Люди в деревне потихоньку умирают, четыре свежих могилы на кладбище за последние два года. Осталось только шесть постоянных жителей в трёх домах, в остальные летом обычно приезжают дачники. Кто-то появляется на несколько недель, кто-то, как мы, живёт здесь в тёплый сезон месяца два с половиной, дольше всех, с мая по октябрь, задерживаются Люба с Володей. Они уже на пенсии, дети давно выросли, в городе ничто не держит, а тут, в Попадьино, свежий воздух и свои овощи из огорода. Люба ведёт домашнее хозяйство, выращивает огурцы, кабачки, картошку, нам приносит время от времени дары своего хозяйства, Володя – мастер на все руки, занимается домом и постройками, всем тем, что требует приложения мужского труда, помогает Любе в огороде. Оба постоянно в делах и заботах. Но энергии много, прожив сезонов пять, переняли у местных промышленные способы вылова рыбы, и теперь недостатка в ней не знают. Каждый день часов в семь-восемь утра дружно идут они к своей лодке, сети и ловушки проверять. В деревне им нравится, старший сын с семьёй каждое лето тоже навещает их и включается в трудовой процесс.

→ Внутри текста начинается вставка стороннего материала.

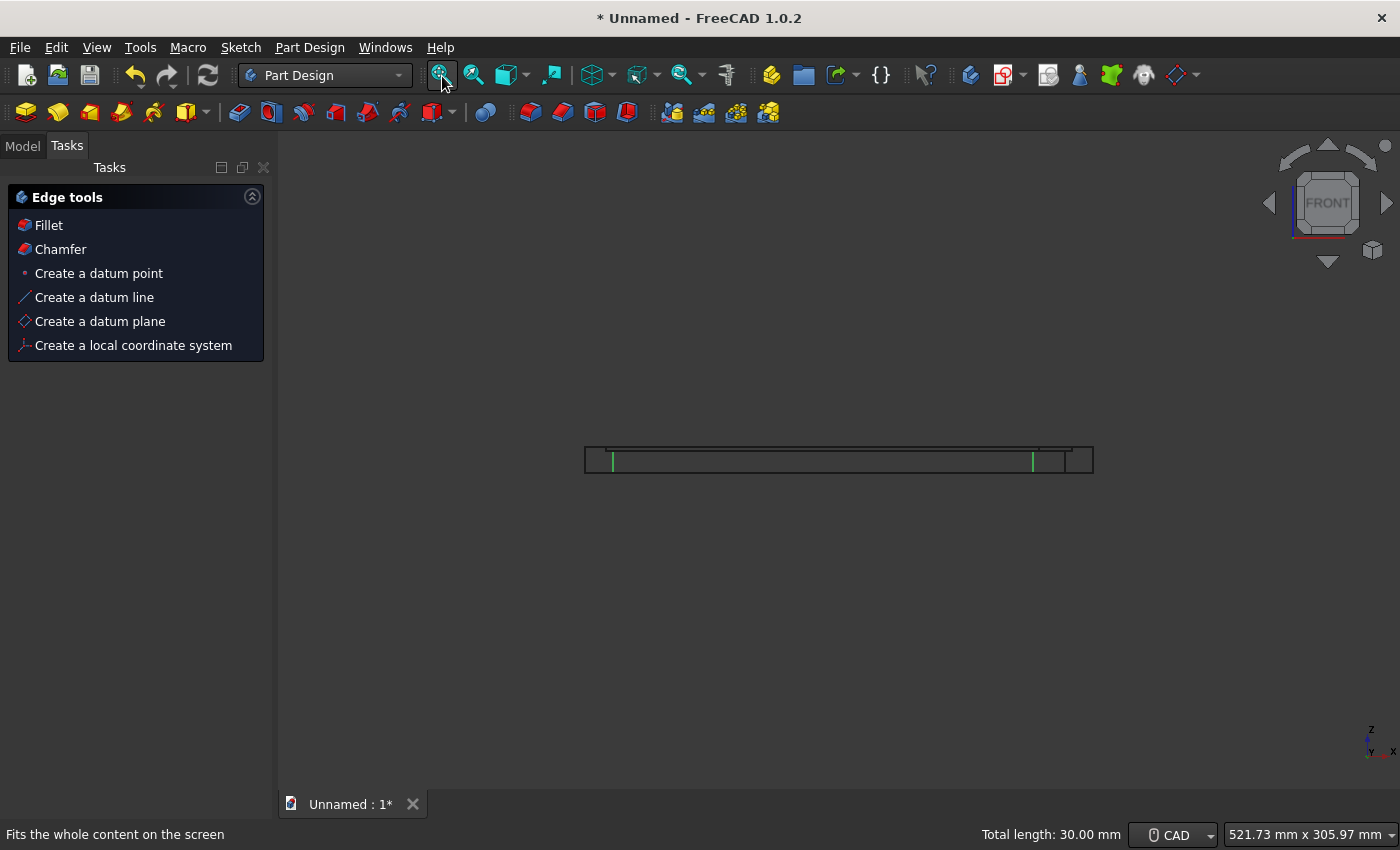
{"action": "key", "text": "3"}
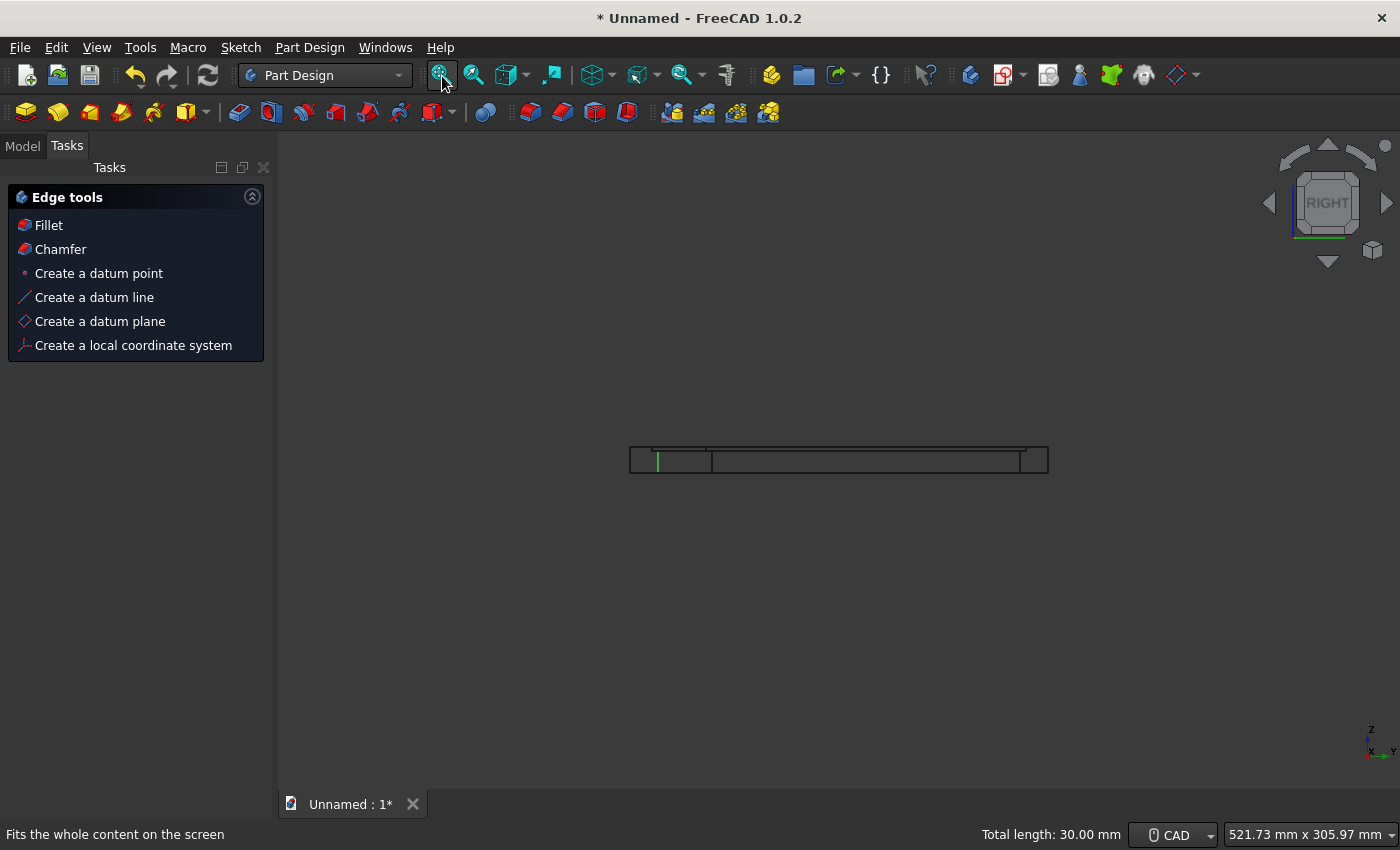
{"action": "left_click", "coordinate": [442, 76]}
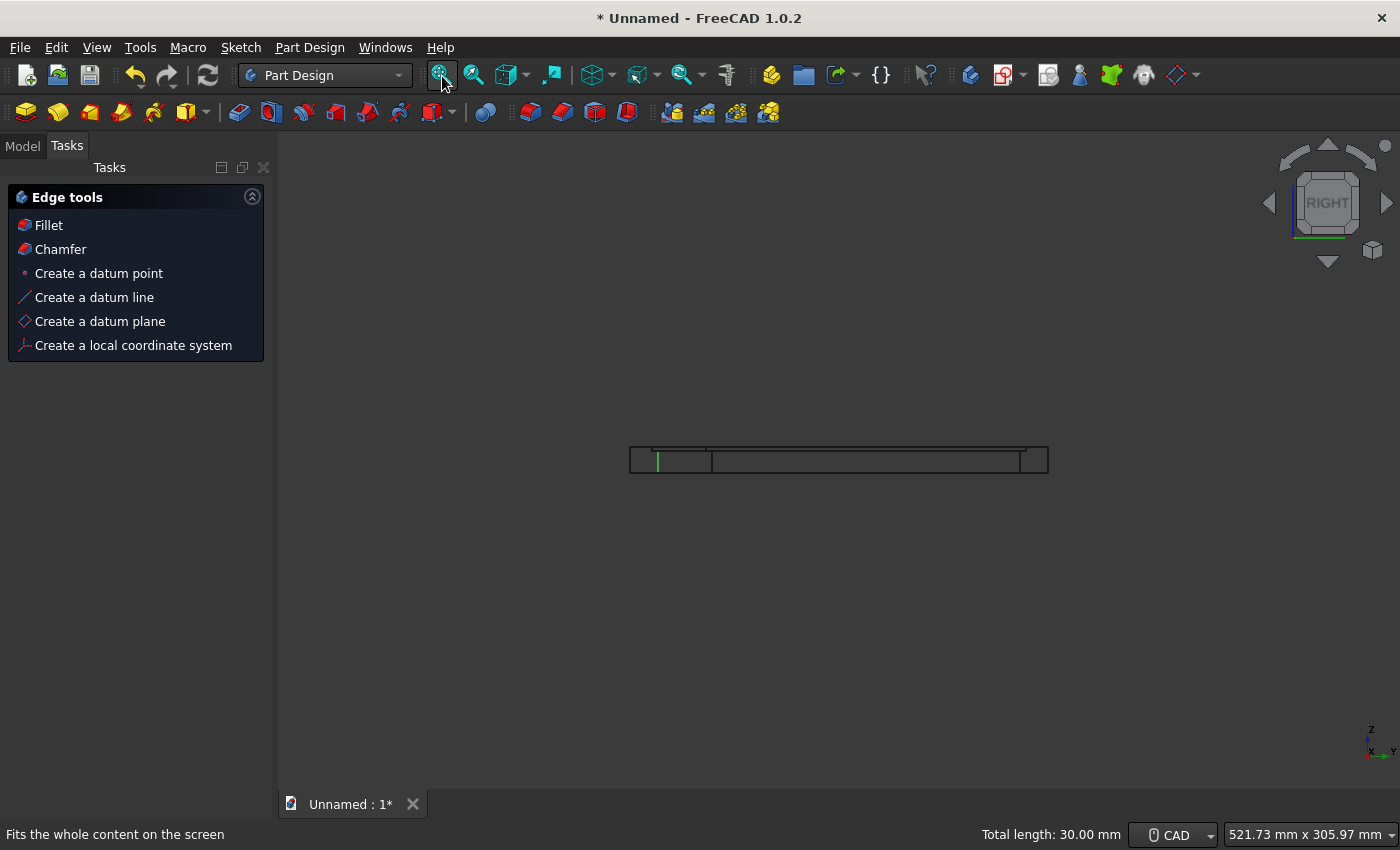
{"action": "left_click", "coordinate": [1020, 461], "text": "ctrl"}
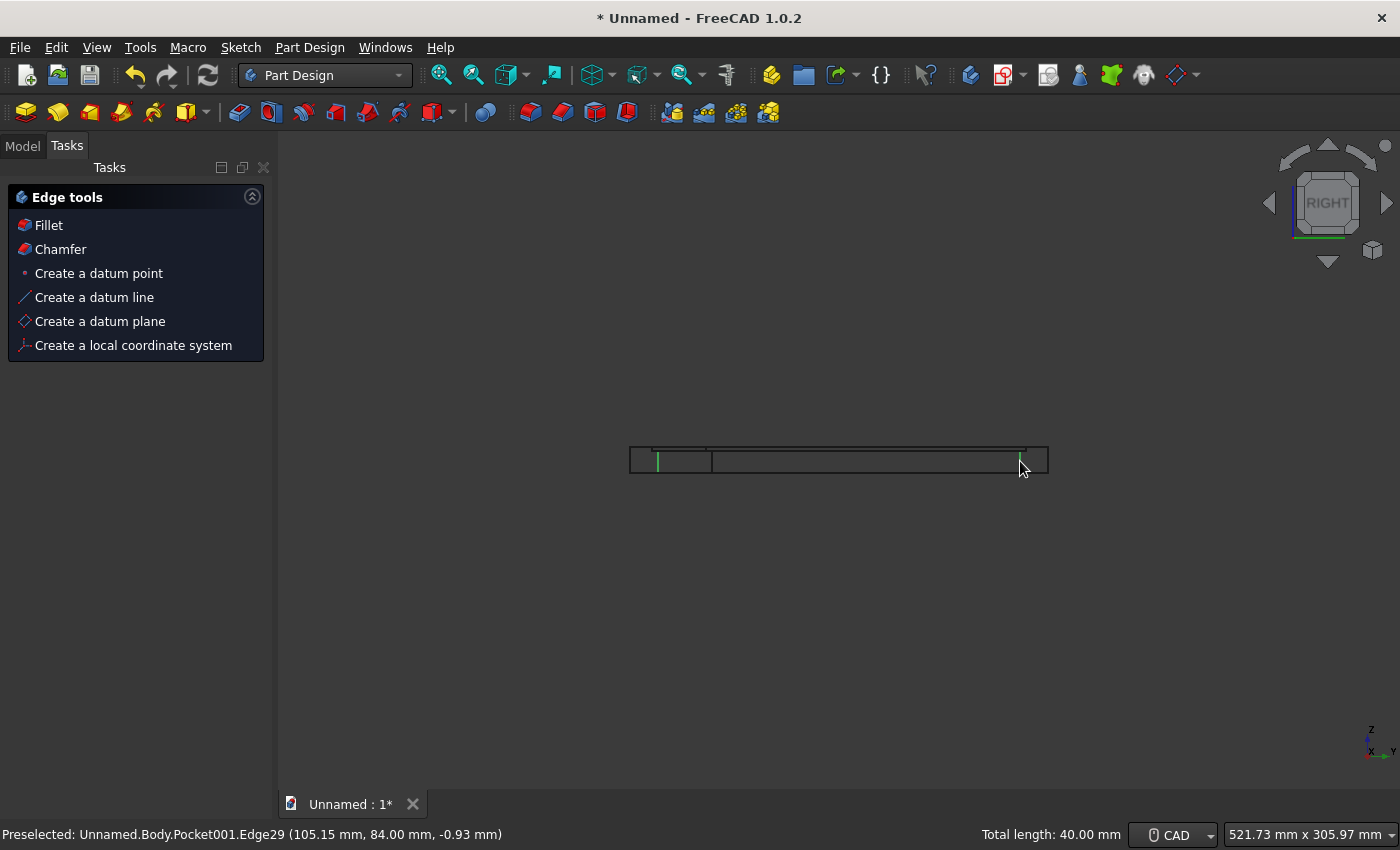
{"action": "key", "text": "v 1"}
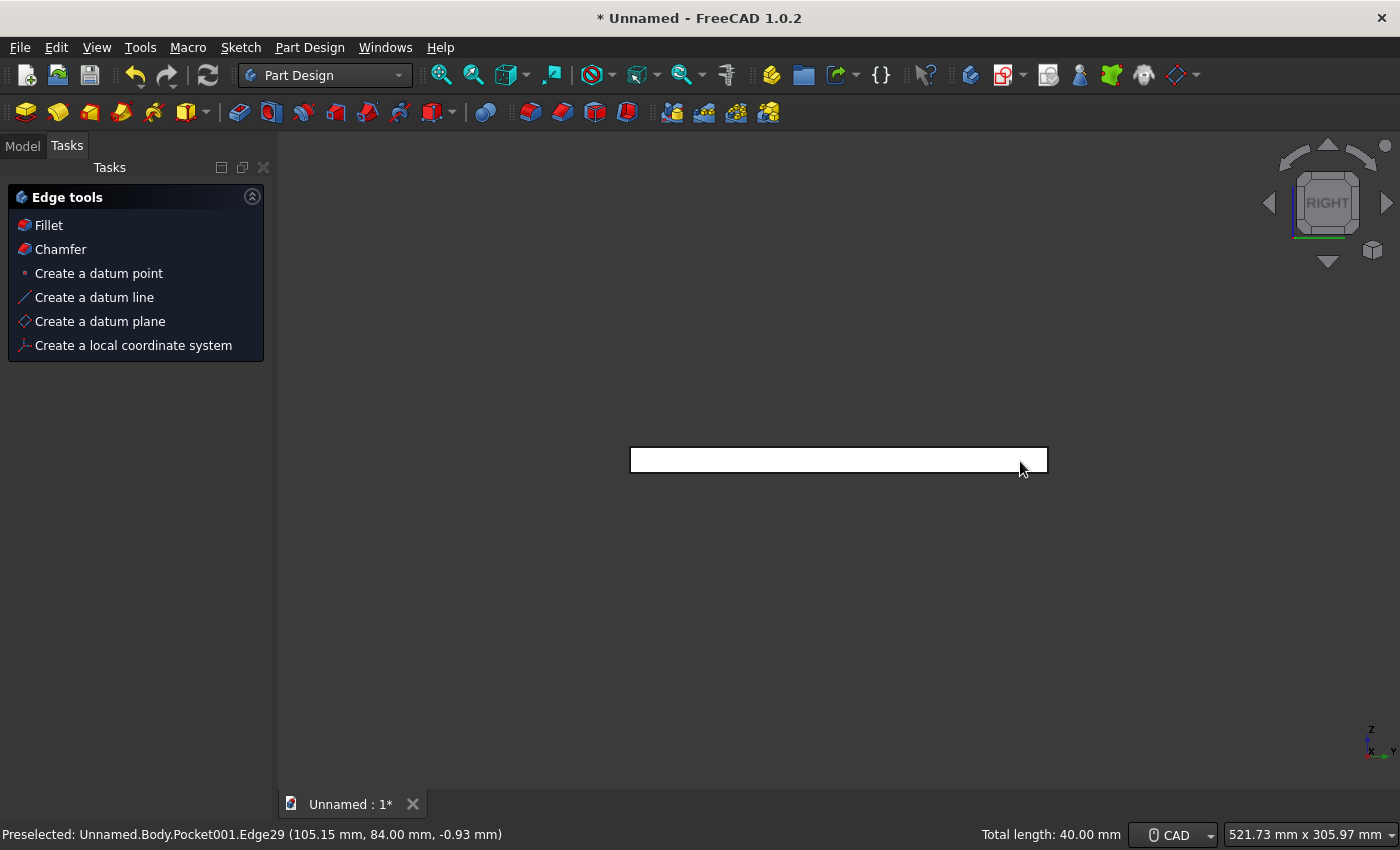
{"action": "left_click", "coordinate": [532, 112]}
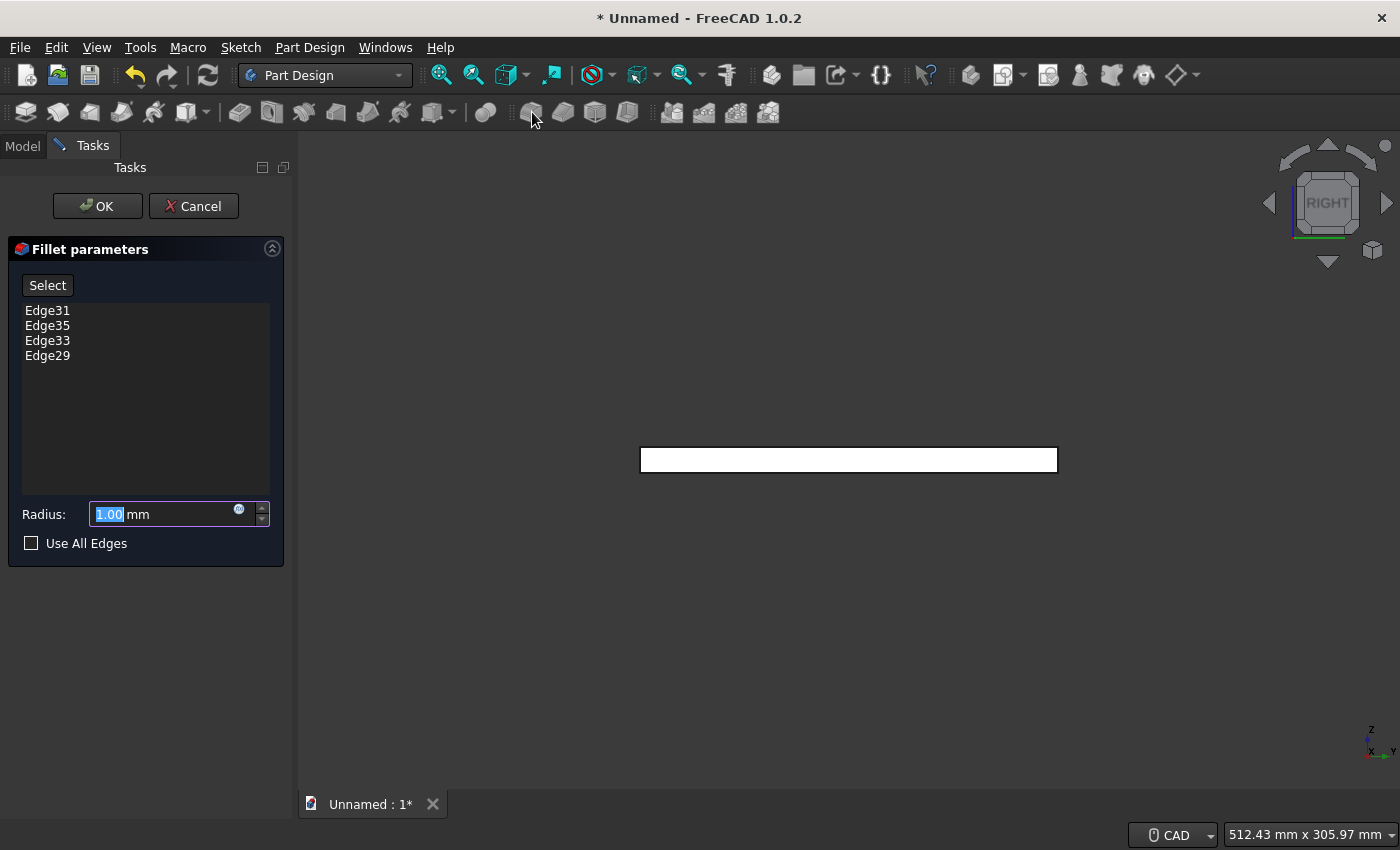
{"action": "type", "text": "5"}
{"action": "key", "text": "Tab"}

Мы купили свой дом в один год с Любой и Володей. Заплатили стандартную цену, по которой в интернете висели десятки подобных объявлений в Псковской области. Правда, формально считавшаяся вдовой Сашки Монаха, последнего постоянного обитателя этого жилища, баба Галя продала его невельскому маклеру за смешные деньги – тысяч за пятнадцать, полторы коровы по местным меркам. «Так, бабка, дом же маленький, всего-то сорок метров, крыша худая, поправлять надо, веранда совсем развалилась!» – убеждал жулик. Галя и согласилась, выторговала ещё право продать на дрова никому ненужный уже хлев, а то, что место волшебное, на редкость красивое, с видом на озеро под горой, с высоким полем за водной гладью, за которым открываются ряды светло-зелёных лиственных деревьев вперемежку с тёмными елями, Галя не догадывалась. Её собственный дом, где она жила отдельно от спившегося мужа, выходит на озеро северной стороной, сделанной, как это часто бывает в деревнях, совершенно глухой, без единого окна – с севера зимой дует холодный ветер. Да и к чему ей эти природные красоты, она их просто не замечала. Родилась здесь, другого не видела, дальше районного центра не ездила.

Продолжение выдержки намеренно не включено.